Все эти картины чтения — и уединенного, и коллективного — показывают его со стороны. На них мы видим, что остается в этом мире, когда кто-то отправляется путешествовать в Пограничье. Человек оставляет здесь свое тело, но его воображение, его сопереживание и сознание отчасти переносятся куда-то в другое место. Мы знаем, чем они занимаются — эти странные неподвижные фигуры над книгами, потому что мы тоже читаем книги и нам тоже доводилось странствовать в Пограничье, но мы не видим того, что видно им, потому что Пограничье у каждого свое. Чтобы показать, как это выглядит изнутри, нужны картины совершенно иного рода.
«Странник над морем тумана» Каспара Давида Фридриха — практически идеальный образ того пространства, которое я называю Пограничьем. Странник на этой картине одинок; никто, кроме нас, не видит того, что видит он; только он один сумел добраться до этой горной вершины, и то, что открылось его глазам — еще одна горная гряда, вздымающаяся над облаками, и дальние хребты, уходящие куда-то за горизонт, в бесконечность, — принадлежит только ему. Не стану отрицать, это чрезвычайно романтичный образ. Но я романтик во всем, что касается чтения, образования и многих других вещей, — и меня это совершенно устраивает.

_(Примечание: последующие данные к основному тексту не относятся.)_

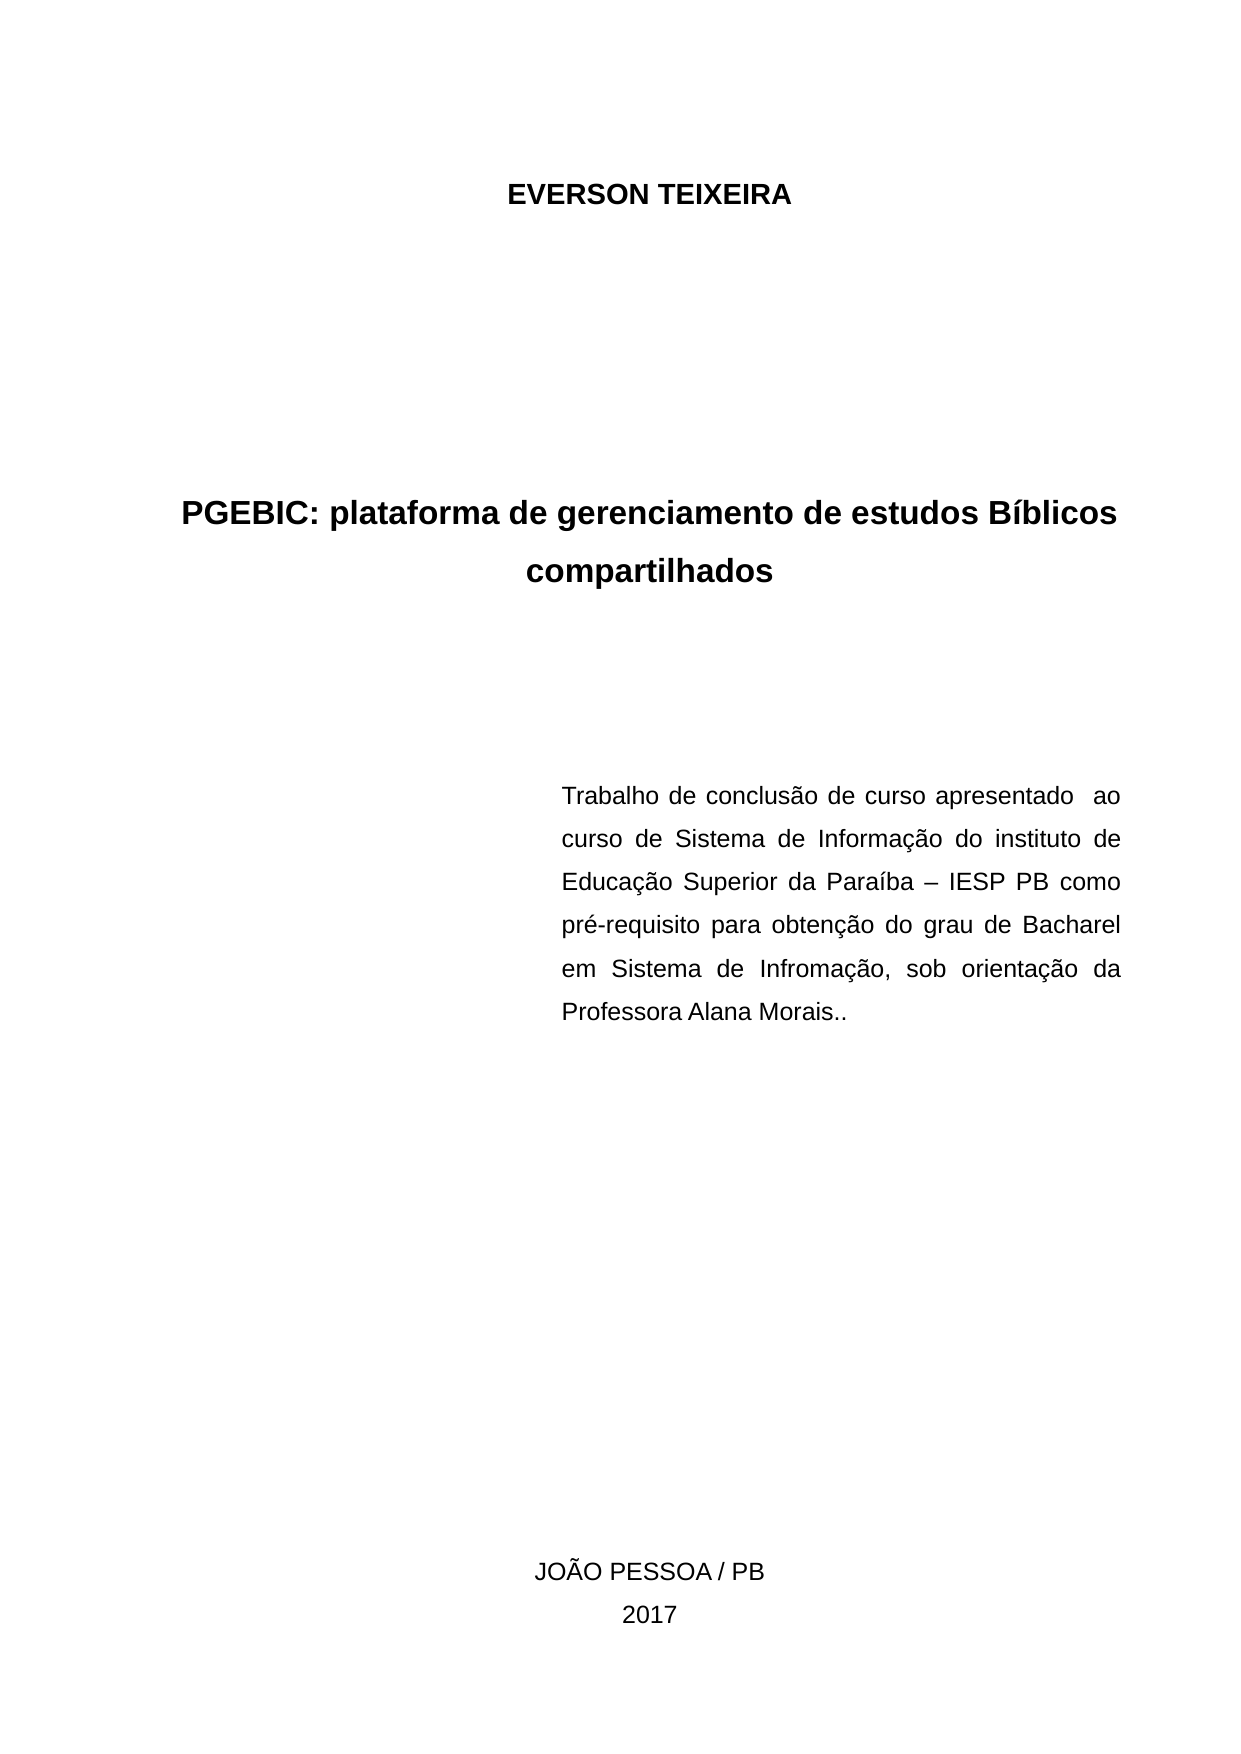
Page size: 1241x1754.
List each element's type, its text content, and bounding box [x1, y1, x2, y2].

text PGEBIC: plataforma de gerenciamento de estudos Bíblicos compartilhados [177, 493, 1122, 589]
text Trabalho de conclusão de curso apresentado ao curso de Sistema de Informação do instituto de Educação Superior da Paraíba – IESP PB como pré-requisito para obtenção do grau de Bacharel em Sistema de Infromação, sob orientação da Professora Alana Morais.. [561, 781, 1122, 1026]
text EVERSON TEIXEIRA [177, 177, 1122, 211]
text JOÃO PESSOA / PB [177, 1557, 1122, 1586]
text 2017 [177, 1601, 1122, 1629]
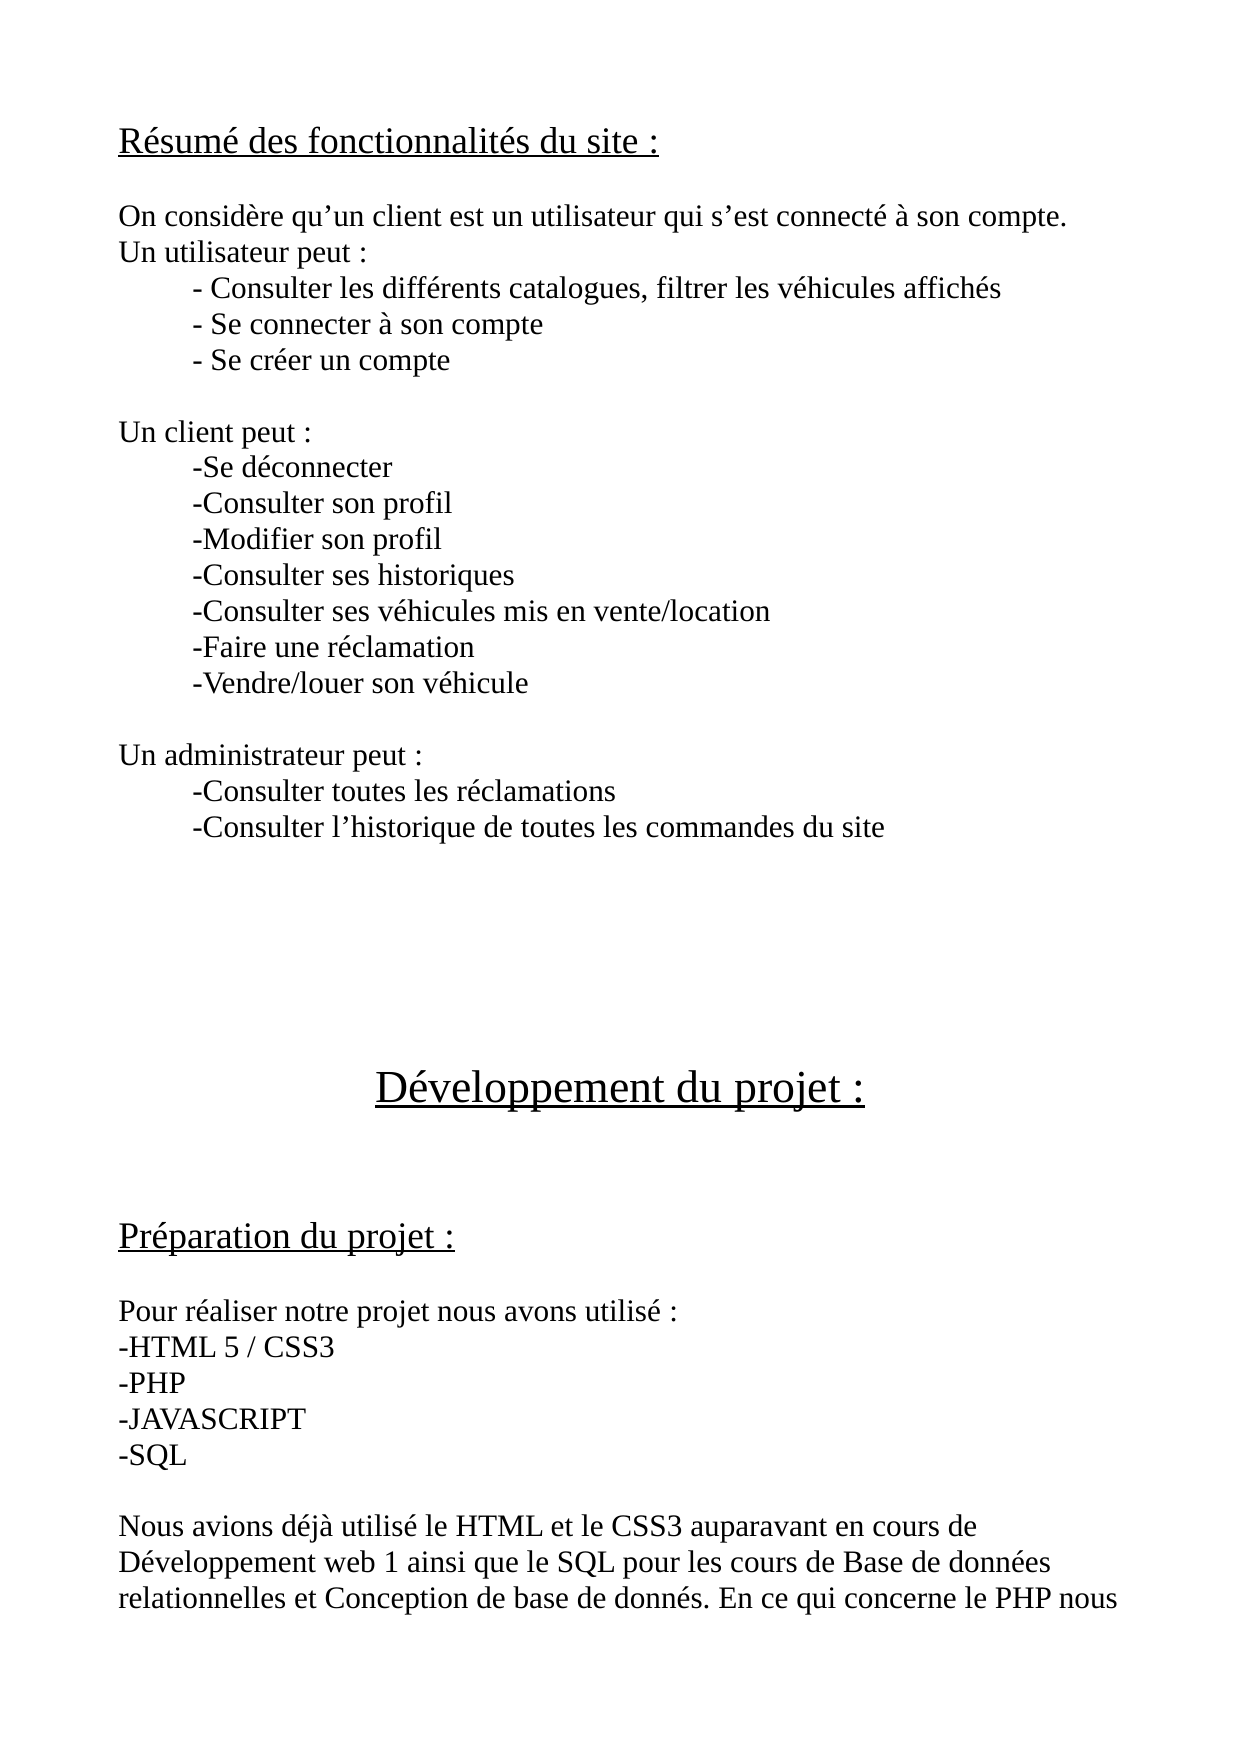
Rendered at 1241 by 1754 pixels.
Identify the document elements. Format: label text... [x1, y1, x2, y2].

text Résumé des fonctionnalités du site : [118, 118, 1122, 161]
text Un client peut : [118, 413, 1122, 449]
text -Se déconnecter [118, 449, 1122, 485]
text -Consulter son profil [118, 485, 1122, 521]
text -Consulter ses historiques [118, 557, 1122, 592]
text On considère qu’un client est un utilisateur qui s’est connecté à son compte. [118, 197, 1122, 233]
text -Modifier son profil [118, 521, 1122, 557]
text - Se connecter à son compte [118, 305, 1122, 341]
text Un utilisateur peut : [118, 233, 1122, 269]
text Nous avions déjà utilisé le HTML et le CSS3 auparavant en cours de Développement web 1 ainsi que le SQL pour les cours de Base de données relationnelles et Conception de base de donnés. En ce qui concerne le PHP nous [118, 1508, 1122, 1616]
text Développement du projet : [118, 1060, 1122, 1112]
text -HTML 5 / CSS3 [118, 1328, 1122, 1364]
text -PHP [118, 1364, 1122, 1400]
text -SQL [118, 1436, 1122, 1472]
text Un administrateur peut : [118, 736, 1122, 772]
text -Faire une réclamation [118, 628, 1122, 664]
text -Vendre/louer son véhicule [118, 664, 1122, 700]
text -Consulter ses véhicules mis en vente/location [118, 592, 1122, 628]
text Préparation du projet : [118, 1213, 1122, 1256]
text -Consulter toutes les réclamations [118, 772, 1122, 808]
text Pour réaliser notre projet nous avons utilisé : [118, 1292, 1122, 1328]
text -Consulter l’historique de toutes les commandes du site [118, 808, 1122, 844]
text - Se créer un compte [118, 341, 1122, 377]
text - Consulter les différents catalogues, filtrer les véhicules affichés [118, 269, 1122, 305]
text -JAVASCRIPT [118, 1400, 1122, 1436]
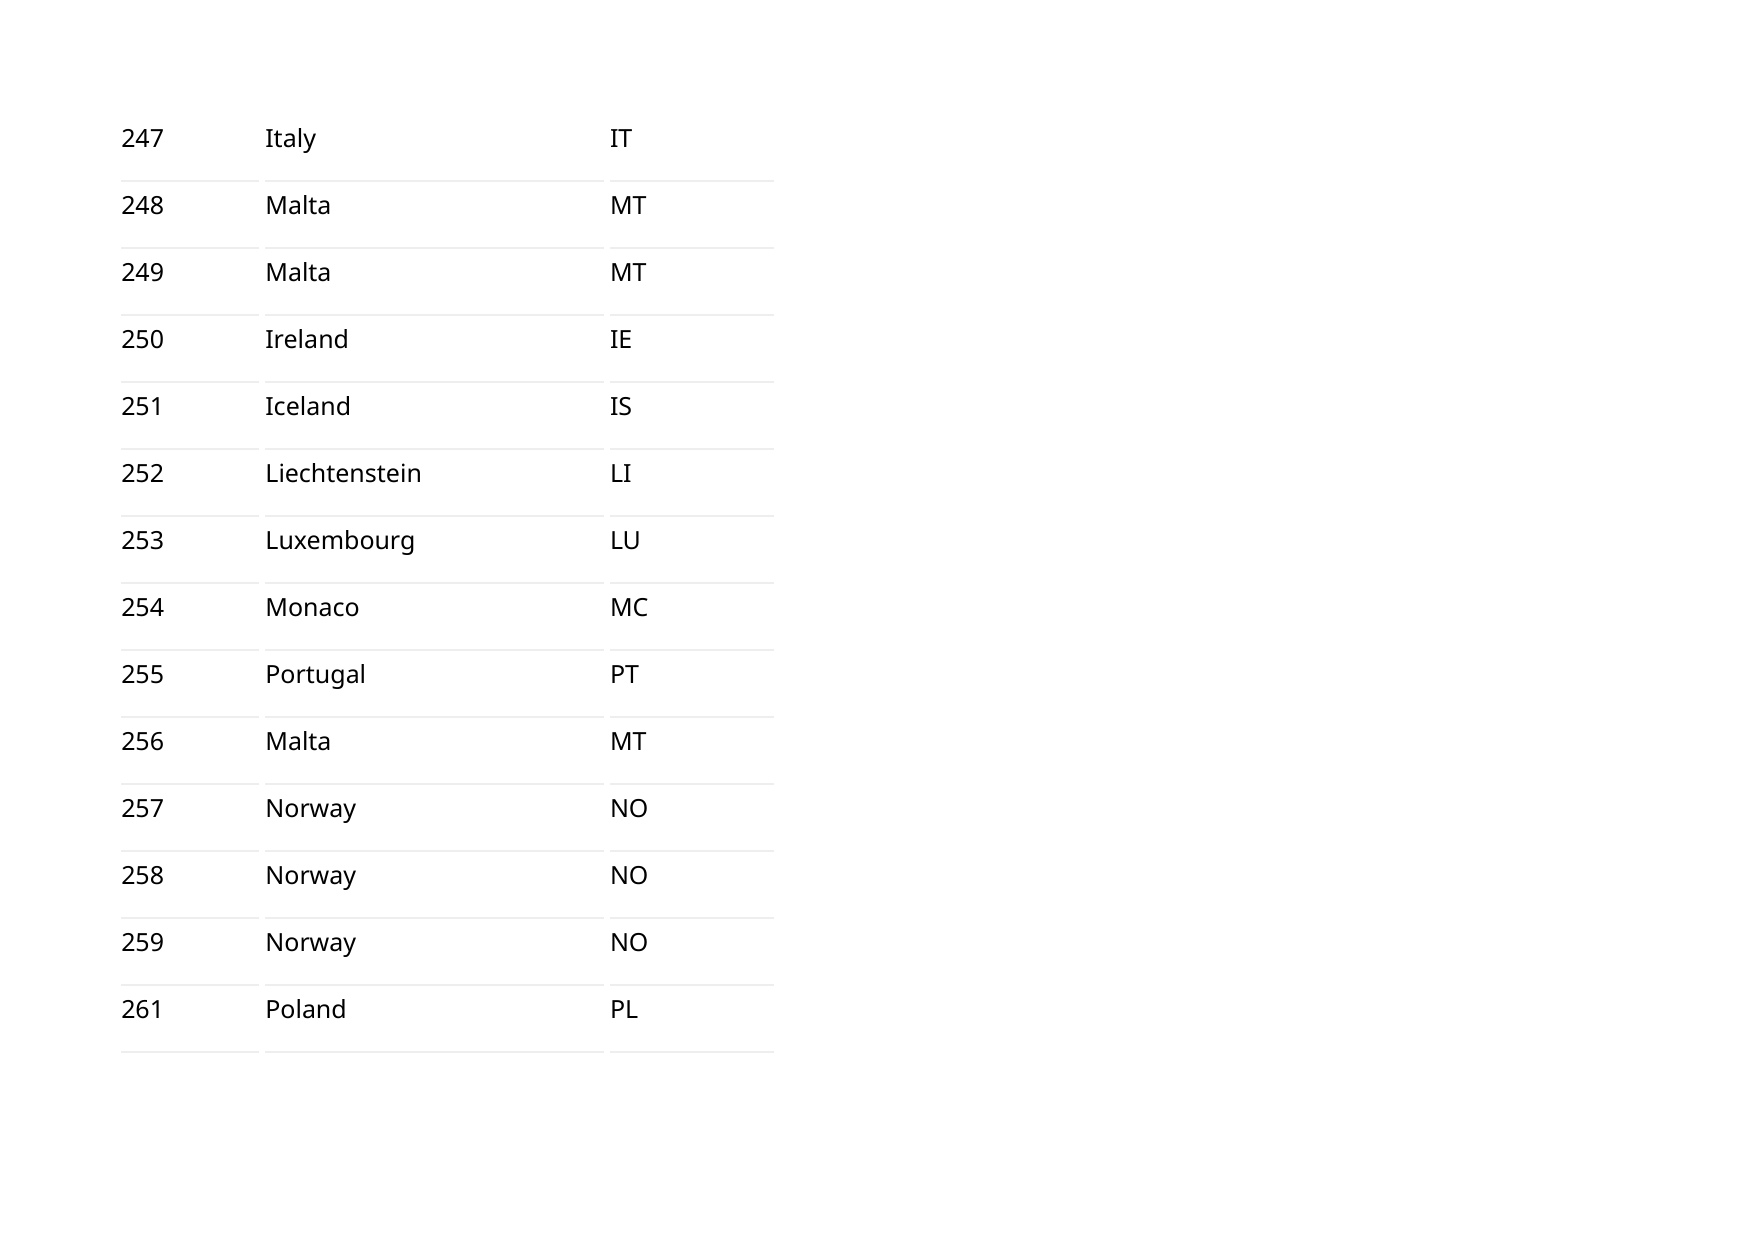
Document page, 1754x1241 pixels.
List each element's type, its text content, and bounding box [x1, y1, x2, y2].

table_cell NO [607, 855, 777, 922]
table_cell NO [607, 788, 777, 855]
table_cell MT [607, 185, 777, 252]
table_cell Liechtenstein [262, 453, 607, 520]
table_cell Ireland [262, 319, 607, 386]
table_cell LI [607, 453, 777, 520]
table_cell 261 [118, 989, 262, 1056]
table_cell MT [607, 721, 777, 788]
table_cell LU [607, 520, 777, 587]
table_cell 251 [118, 386, 262, 453]
table_cell Monaco [262, 587, 607, 654]
table_cell 259 [118, 922, 262, 989]
table_cell 247 [118, 118, 262, 185]
table_cell Norway [262, 788, 607, 855]
table_cell Italy [262, 118, 607, 185]
table_cell Malta [262, 185, 607, 252]
table_cell Norway [262, 922, 607, 989]
table_cell Luxembourg [262, 520, 607, 587]
table_cell Norway [262, 855, 607, 922]
table_cell NO [607, 922, 777, 989]
table_cell Poland [262, 989, 607, 1056]
table_cell 249 [118, 252, 262, 319]
table_cell IS [607, 386, 777, 453]
table_cell 256 [118, 721, 262, 788]
table_cell Malta [262, 252, 607, 319]
table_cell Malta [262, 721, 607, 788]
table_cell MT [607, 252, 777, 319]
table_cell 252 [118, 453, 262, 520]
table_cell Portugal [262, 654, 607, 721]
table_cell 258 [118, 855, 262, 922]
table_cell 254 [118, 587, 262, 654]
table_cell PT [607, 654, 777, 721]
table_cell IE [607, 319, 777, 386]
table_cell PL [607, 989, 777, 1056]
table_cell MC [607, 587, 777, 654]
table_cell 253 [118, 520, 262, 587]
table_cell 255 [118, 654, 262, 721]
table_cell IT [607, 118, 777, 185]
table_cell 250 [118, 319, 262, 386]
table_cell Iceland [262, 386, 607, 453]
table_cell 257 [118, 788, 262, 855]
table_cell 248 [118, 185, 262, 252]

На мой взгляд, картина Фридриха хорошо передает самую суть чтения: она показывает одновременно и объективный пейзаж, видимый страннику, и его субъективную реакцию на этот пейзаж. При этом одно эквивалентно другому: скалистые уступы, до половины скрытые туманом, — это трудности и препятствия, которые пришлось одолеть страннику по дороге к горной вершине. Читать хорошие книги бывает нелегко: для этого требуются сосредоточенность и настойчивость. Дерево на дальнем утесе, в направлении которого указывает локоть странника, — почти зеркальное отражение самого героя картины, подчеркивающее, насколько глубоко он отождествляется с природой. Дерево смотрит на него точно так же, как он смотрит на дерево: он не просто созерцает пейзаж, он — часть природы и в свою очередь объект ее созерцания. Читая великие произведения литературы, мы наблюдаем за людьми, похожими на нас, в таком контексте, который придает глубину и смысл нашей собственной жизненной ситуации. Горы на заднем плане, поднимающиеся еще выше, олицетворяют нравственный призыв: это еще не все, как бы говорят они, можно идти дальше! Впереди тебя ждут еще более высокие цели, новые вершины, с которых откроются еще более величественные виды!
Вот это и есть Пограничье. Но главное, ради чего я выбрал эту картину, — то, что ее герой, или образ читателя, как я его называю, совершенно одинок. Каждый из нас вступает в Пограничье в одиночку — и в одиночку же исследует его и все то, что открывается в его пределах и дальше. Разумеется, мы можем вернуться и рассказать о том, что увидели, и если наш рассказ будет хорошим, правдивым и интересным, то, быть может, нам удастся заманить в Пограничье прочитанной книги и других читателей. Но они тоже отправятся туда в одиночку и будут исследовать Пограничье самостоятельно — до тех пор, пока в свою очередь не вернутся и не расскажут нам о собственных странствиях. И может статься, они найдут там несравненные сокровища, которых мы не заметили, — или, наоборот, поразившие нас чудеса покажутся им банальными и не стоящими обсуждения.
Подобные различия в восприятии одной и той же книги нередко возникают между родителями и детьми. Ребенок вечер за вечером требует читать ему вслух одну и ту же книгу, а взрослому она до смерти надоела: кажется, из нее уже выжато все до последней капли.
— Послушай, солнышко, у меня есть такая замечательная книга! Называется «Война и мир». Может, попробуем лучше почитать ее?
— Нет! Нет! Я хочу опять «Веселого кролика»!
Какая-то магия Пограничья зовет их возвращаться снова и снова.
А теперь я сделаю внезапный поворот на девяносто градусов и расскажу о некоторых книгах, которые оказались важными лично для меня и в Пограничье которых мне особенно нравилось странствовать. Здесь очень важную роль играют иллюстрации. Лет тридцать назад, когда я только вступал на поприще романиста, в детском книгоиздании произошли прискорбные перемены: иллюстрировать детские романы стало немодно. Меня это глубоко огорчает — и, полагаю, не меня одного.
С одной стороны, стала гораздо более доступной цветная печать, благодаря чему появилось множество замечательных книг с картинками. Но с другой — издатели больше не приглашают к сотрудничеству художников-графиков, таких как Энтони Мейтленд, Фриц Вегнер, Робин Жак, Чарльз Кипинг или Виктор Амбруш, создававших черно-белые иллюстрации для книг Леона Гарфилда, Филиппы Пирс, Розмари Сатклифф и так далее. На мой взгляд, это очень печально.